For me this was my first experience, albeit a distant one, of suicide and to this day it remains a great reminder to me of the social impact that suicide has. Many of the people around me that day went into a kind of shock. I remember the quietness around us, the sudden cessation of movement and the way that my fathers hand gripped mine just a little bit tighter.
The second incident comes from my teenage years. I was 13 or 14 at the time when my grandmother died. At the time I didn't really understand so well what had happened. I was aware that she had committed suicide though in her case it was suicide by degrees. It was slow and for her, quite painful, but it was suicide nonetheless. For the family it was quite quick- she lost weight over a year and half which everyone thought was a good thing as she was a big lady and we were worried about her having heart problems. Then she got really thin over 3 months and suddenly it was obvious that something was wrong. The doctor diagnosed terminal lymphatic cancer. She passed away approximately six weeks later.
From the outside this may seem like a coincidence or maybe just an unfortunate occurrence but both myself and my parents believe that she knew she was dying and that she deliberately chose to keep her condition from all of us. Looking on her life I can now see why she made the decision and I believe that she thought she was doing it for a lot of good reasons. She loved her children and her grandchildren very much and I think one reason was that she was just trying to save us from the pain of watching her go through treatments and being in and out of hospital.

And so it is, that without much thought, I can think of two instances that have touched my life and remained with me.
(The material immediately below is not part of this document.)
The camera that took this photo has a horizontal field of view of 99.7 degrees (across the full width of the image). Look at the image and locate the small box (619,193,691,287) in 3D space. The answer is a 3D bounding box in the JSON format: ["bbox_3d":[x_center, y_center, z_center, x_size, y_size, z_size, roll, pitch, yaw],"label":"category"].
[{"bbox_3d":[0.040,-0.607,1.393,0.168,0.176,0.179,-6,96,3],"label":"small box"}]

There are others which I won't share with you now but I do think it highlights just what wide ranging effects there can be, not only for the person directly involved but for those around them, distantly surrounding them and for society as a whole. I was shocked to read the facts and see the figures that are behind this project- not at the figures themselves but mostly at my own ignorance of them.
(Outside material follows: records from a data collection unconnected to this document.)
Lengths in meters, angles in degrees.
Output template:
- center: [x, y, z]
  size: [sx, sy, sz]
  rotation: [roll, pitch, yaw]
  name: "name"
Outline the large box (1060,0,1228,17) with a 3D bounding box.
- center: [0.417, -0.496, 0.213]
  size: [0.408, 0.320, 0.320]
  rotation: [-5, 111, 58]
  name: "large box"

I will leave you with the following information which is taken from the MIND website:

"Although the overall rate of death by suicide is falling, more than 4,300 people still die by suicide in England and Wales each year. Many more suicide attempts are made. At least one person in every 100 who ends up in hospital after a suicide attempt will succeed within a year, and up to 5 per cent do so over the following decade. A study looking at figures for attempted suicides from several European countries, including the UK, suggests that the figures might be higher - possibly as many as 2 per cent of people who have attempted suicide will kill themselves within a year of the previous attempt. The study also found that about 7 per cent of people in the study died by suicide within the next decade. A British study found that women who have a history of deliberate self-harm (including overdose) are 15 times more likely to die by suicide compared with other women. The risk is particularly high during the 6 months following deliberate self-harm."